The previous post in this series described the first step of the data monitoring process — defining. Therefore, once we have defined the objective of our initiative and, consequently, also data sources and specific requirements towards them, we can move on to studying the data.
Step 2. Profiling
Gaining better understanding of data and discovering potential irregularities requires analysis. This process is called profiling. Profiling will allow us, among others, to verify whether table descriptions match the physical contents and whether relationships between the tables are in line with those generally accepted in the organisation. Profiling can be split into 4 basic types of analyses:
- Column profiling — this type of analysis gives us access to different types of statistical measures, such as: minimum, maximum, mean, median, mode or standard deviation as well as insight into distributions of value frequency and data patterns. There are two types of patterns — word and character patterns. Word patterns involve substitution of words with specific symbols (e.g. John Smith aged 59 will be presented as the following sequence: A A A 9), while character patterns involve substitution of different individual characters with a specific symbol (e.g. John Smith aged 59 will be presented as the following sequence: Aaaa Aaaaa aaaa 99).

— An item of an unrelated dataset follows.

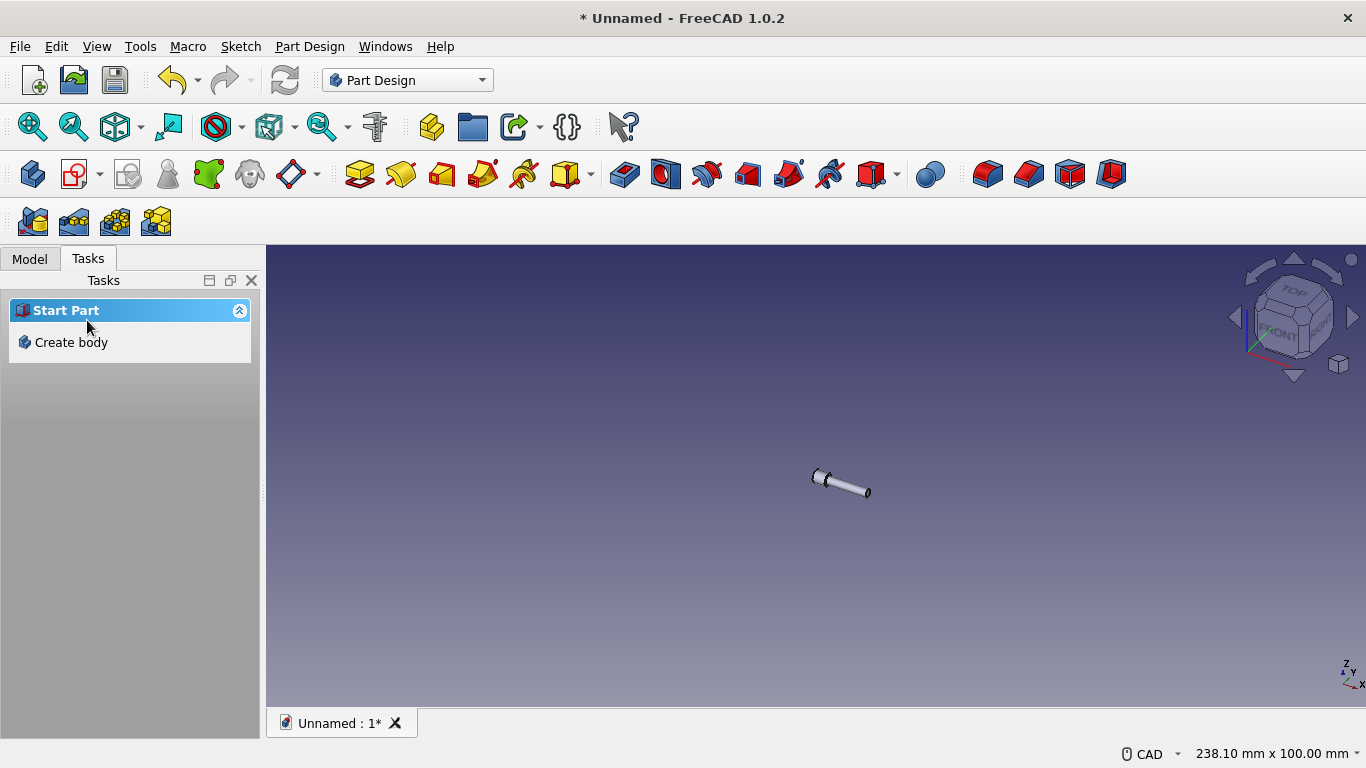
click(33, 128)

- Analysis between columns — this type of analysis involves verification of consistency of several columns within a single table. We verify whether values of a given attribute (e.g. gender) match the name field or whether proportions of values from three different columns in relation to the next one are kept. During verification of multiple columns in a single table, we will also verify natural keys.
- Analysis between tables — this group of analyses involves verification not only of consistency between different tables but also of whether the data contain redundancy or not. Key analyses include e.g. analysis of foreign keys, orphaned record search or data difference and similarity search. Sometimes, columns with seemingly different names can contain the same information, while columns with identical names can contain data from completely different areas.
- Validation using business rules — this group of analyses is the most proactive one and involves detection of predetermined elements, such as non-compliance with organisation standards. For instance, we may require that the telephone number field in the customer file not be empty or that the email address be entered in a specific format. Rules can be defined at the level of an individual column, set of columns or at the level of multiple columns in multiple tables.
All these analyses will not only help us become better acquainted with the data or create data clearing processes, but first and foremost, help us verify the usefulness of our data quality indicators and will affect their final shape.
Tools which may be useful in data profiling include SAS Data Management Studio with profiling tasks and SAS Enterprise Guide. While both tools will allow for data analysis, they are intended for different types of users. The former application is intended for business users since it contains a ready-made set of analyses dedicated precisely to profiling tasks.
Figure 1. Report on a data profiling task in SAS Data Management Studio
These analyses include, among others, analysis of notation patterns, relationships, outliers or descriptive statistics. Additionally, it is also possible to define one’s own measures or business rules to verify data. Everything is available at the level of creators adapted to the business user’s requirements. Users with a more technical profile may be interested in more flexible tools. Such tools require more workload but also offer more freedom. These users will find SAS Enterprise Guide useful, allowing them to independently define data queries and reports, which they will be table to subsequently group into one or several data flows.
Figure 2. Sample data analysis process in SAS Enterprise Guide
Once we already know our data and what they really contain and once we have defined descriptions of business rules, we can start creating technical data monitoring rules.